THE GREAT ESCAPE
An influential Johannesburgbased executive has fashioned a dynamic hideaway high above the waters of Cape Town’s Llandudno
If Johannesburg is this Cameroonian-born business consultant and homeowner’s yin, then Cape Town is his yang. The former is the nucleus of his frenetic work life; the latter, his cocoon, of sorts – a source of calm and release. It was critical, then, that the holiday home he bought four years ago in the cove of Llandudno in the Mother City be the ultimate embodiment of slow living. Perched high up on the mountainside, edged by boulders and fynbos, the multilevel residence that stands here today bears little resemblance to the house that the owner viewed on his first visit to the site. Where the original turned inwards, the renovated house unfolds to the outside, breathing it in. ‘What struck me when I saw the old property was the upstairs area,’ he says. ‘It was all closed up, with absolutely no views, and I remember thinking how amazing it would be if we opened up that space.’

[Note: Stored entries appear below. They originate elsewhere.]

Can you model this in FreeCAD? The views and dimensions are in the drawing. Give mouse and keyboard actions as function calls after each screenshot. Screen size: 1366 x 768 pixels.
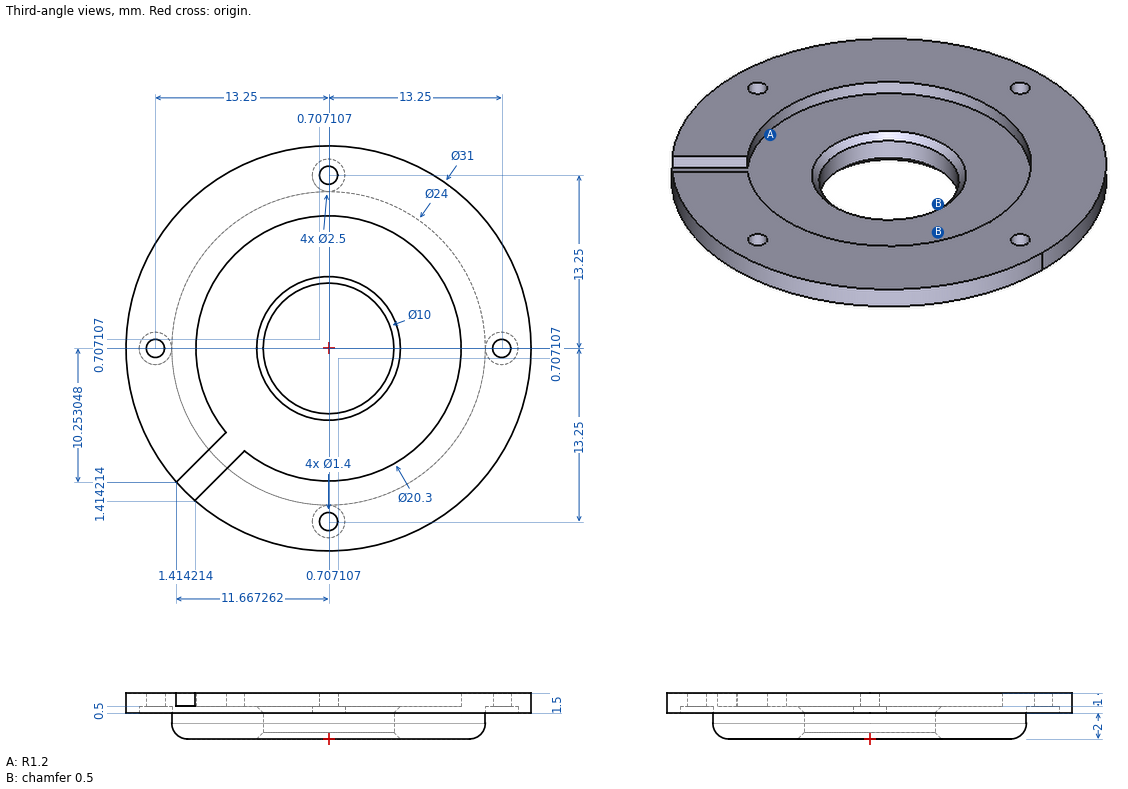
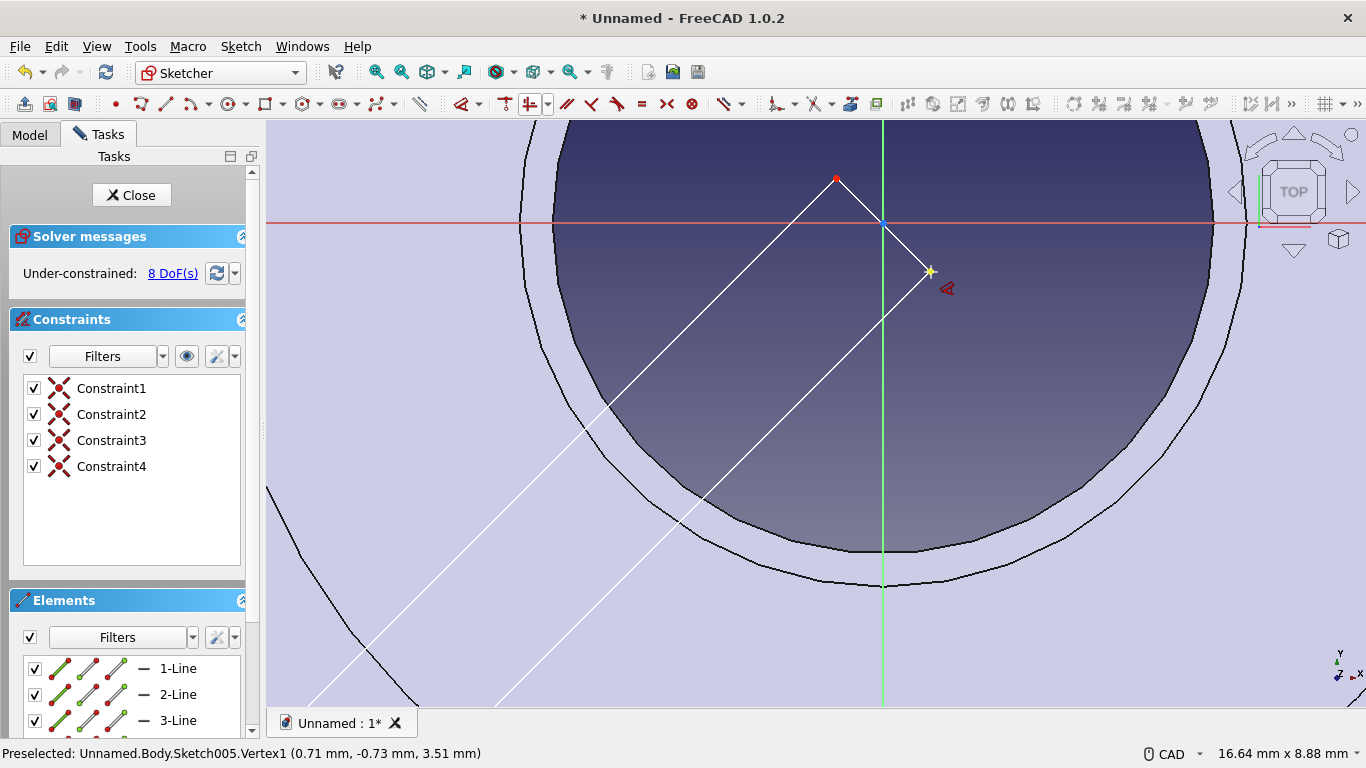
click(930, 272)
click(907, 189)
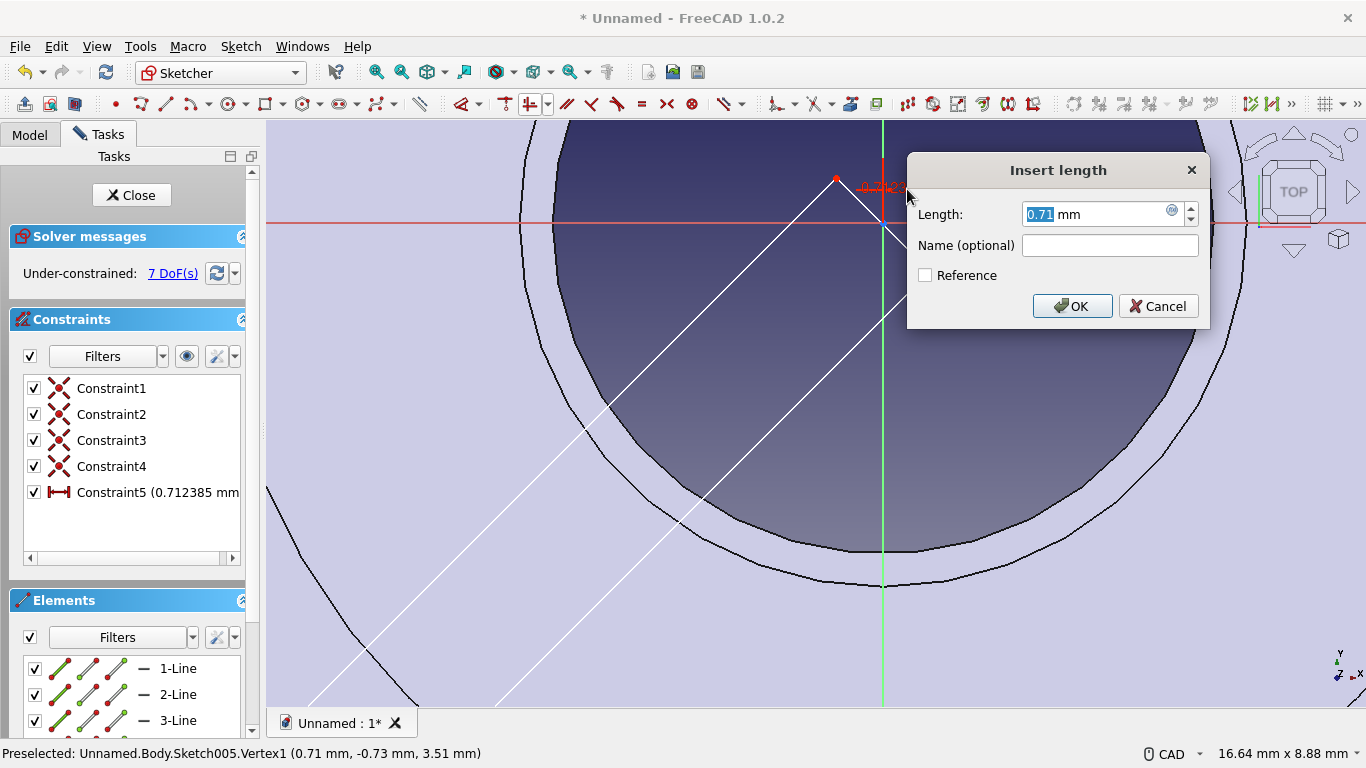
text(0.707107)
key(Return)
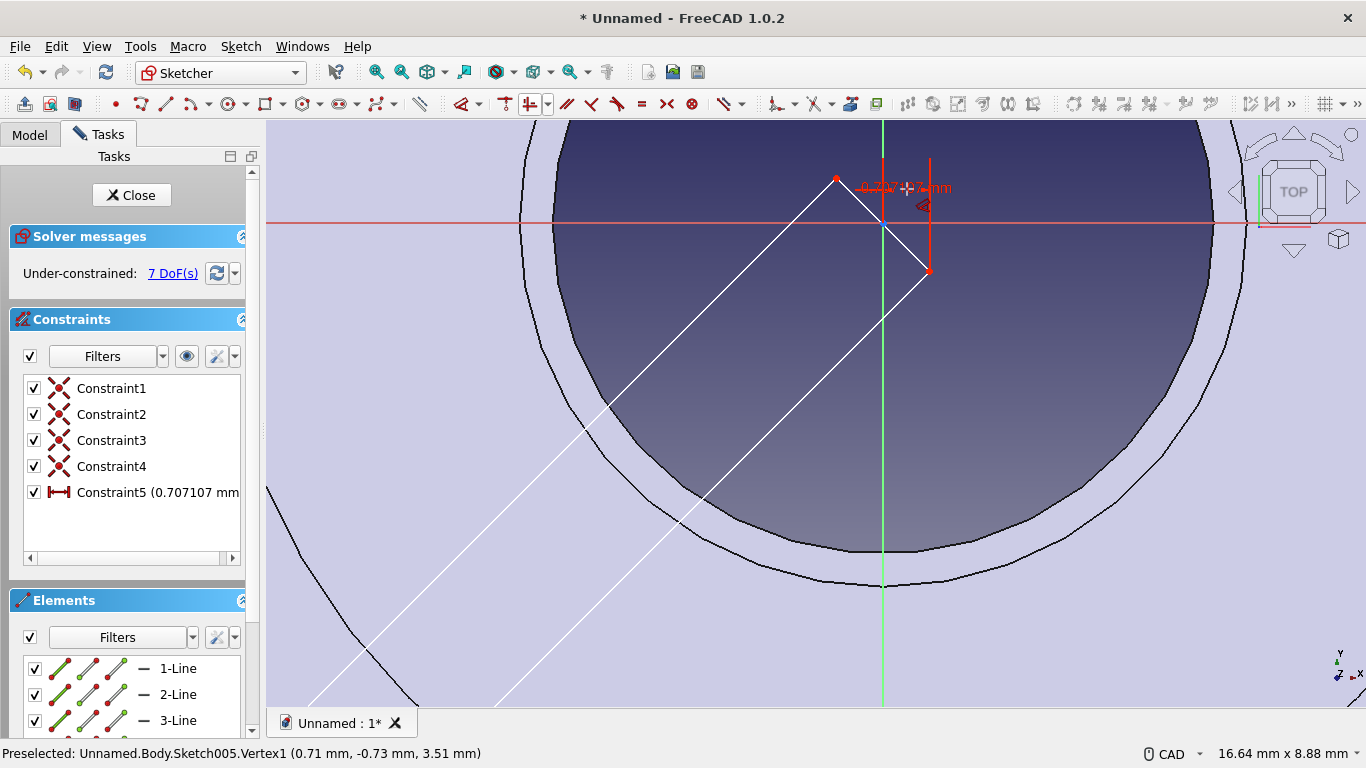
click(930, 272)
click(964, 247)

Asked to do just that, Bomax Architects has successfully made the extraordinary vistas the hero of the home. Thanks to an abundance of glass, there isn’t a corner of Belles Vues, as the house has been named, that doesn’t look out onto at least a slice of the blue expanse beyond – even the main bedroom’s open-plan bathroom becomes one with the seascape by connecting to a spectacular outdoor shower. And if you happen to be faced away from the curl of beach below, you can still take in sights of a different kind, as clerestory windows and glass inserts make the rocky slope behind the property part of the furnishings.

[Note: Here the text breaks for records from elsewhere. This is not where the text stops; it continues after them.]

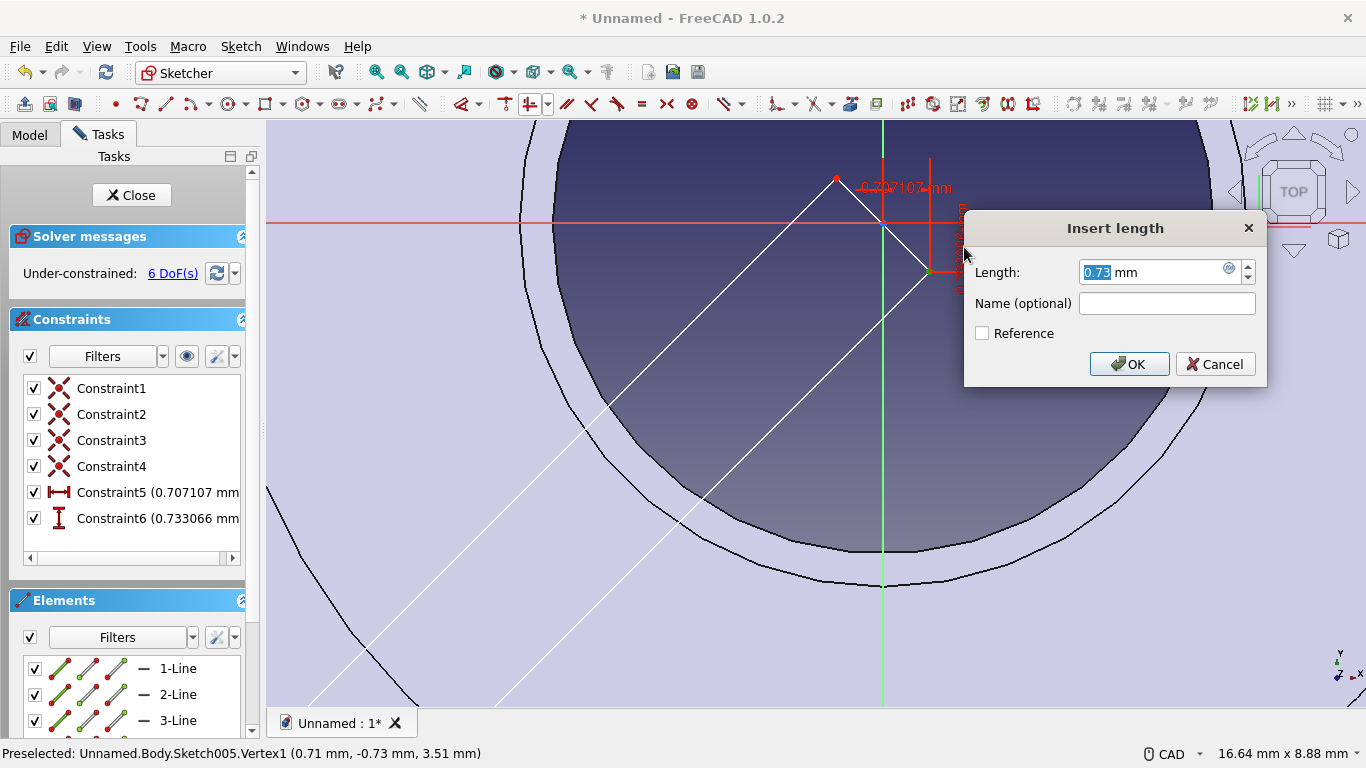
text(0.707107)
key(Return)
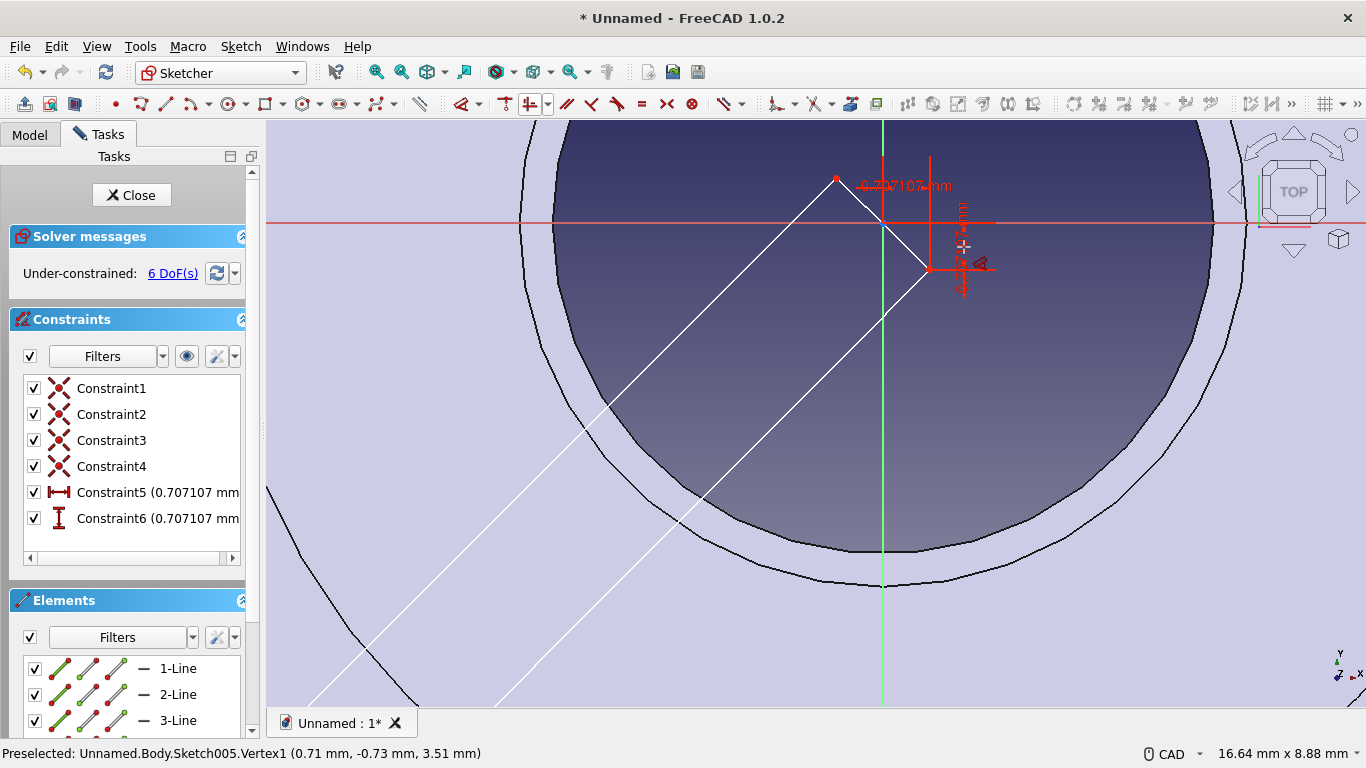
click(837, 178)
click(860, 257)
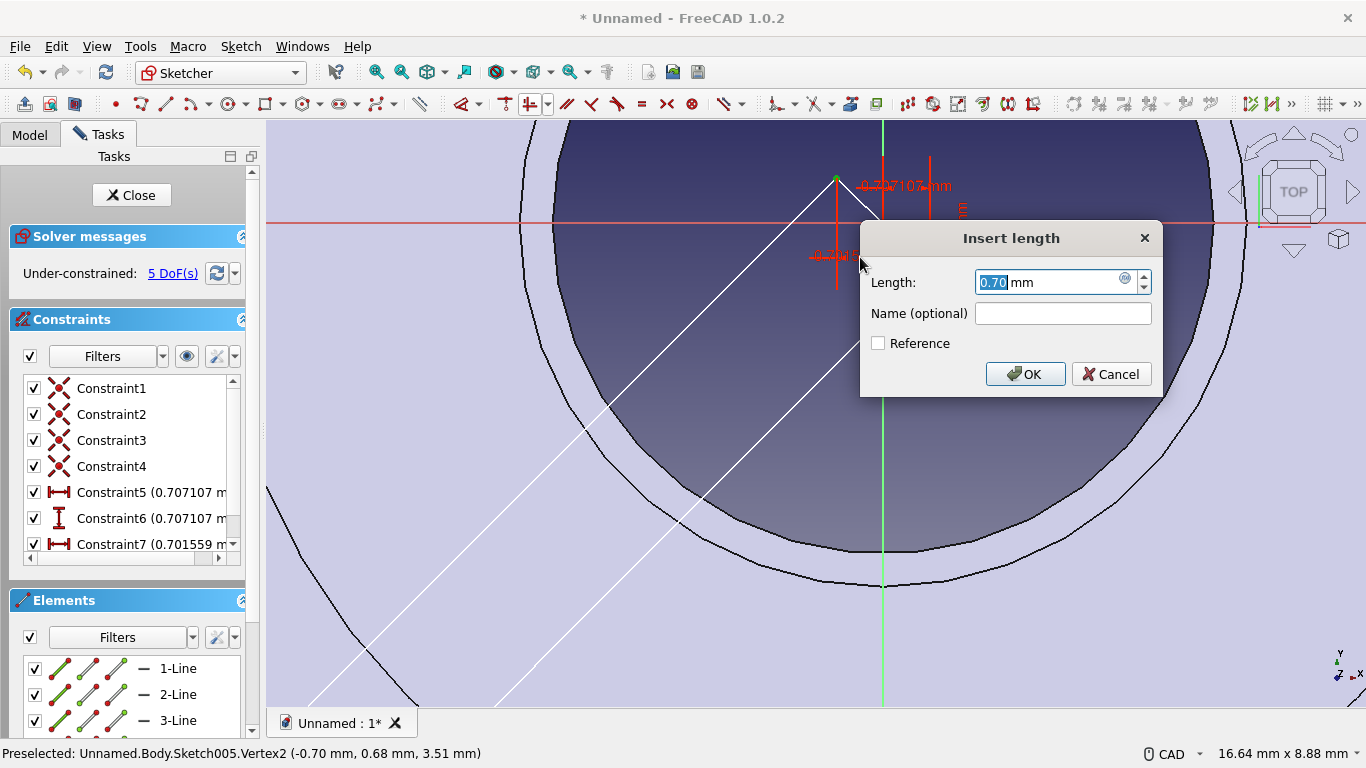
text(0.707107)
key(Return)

This preoccupation with the setting hasn’t meant that the interiors were neglected, however. Adam Court of Okha Design & Interiors has transformed the structure into a quiet celebration of its owner’s character and interests. The owner, in Court’s words, ‘embodies modern Africa’, and the decor pays tribute to the continent in a minimalist way. ‘We’ve brought it down to shape and colour, reducing the African aesthetic to purist geometry,’ says the designer. ‘We sort of zoomed in and exploded the detail – so, it’s subtle, but it’s still there.’
With its intricately carved sculptural blocks and brass handle, the front door is the most noteworthy reference to African craft, and it’s a thing of wonder – ‘a monster to make’, says Court. Other allusions to the continent abound, and to ensure that the furniture worked with the flow of the rectilinear property, almost all of it was custom-made by Okha Design & Interiors – ‘We didn’t shop; we crafted,’ says Court. The result is an elegant collection of rugs, seating and tables washed in earthy tones and marked with graphic etchings.
The home’s two tiers also express different aspects of the man who resides here. According to Court, the owner’s ‘quiet, reserved side’ finds expression in the restrained shades of the open-plan ground floor, where the formal lounge, dining area and kitchen are all located. Here, an immense granite boulder around which the house was built takes pride of place, and its intriguing shadow tones and textures echo throughout the lower level in Court’s choice of pale raw wood, polished copper, pearl grey upholstery and stucco plaster. Upstairs, on the other hand, channels the owner’s fun, charismatic side with bold geometrics, glossy metallics and spicy oranges in the entertainment zone, as well as shots of cobalt blue in the otherwise neutral bedroom.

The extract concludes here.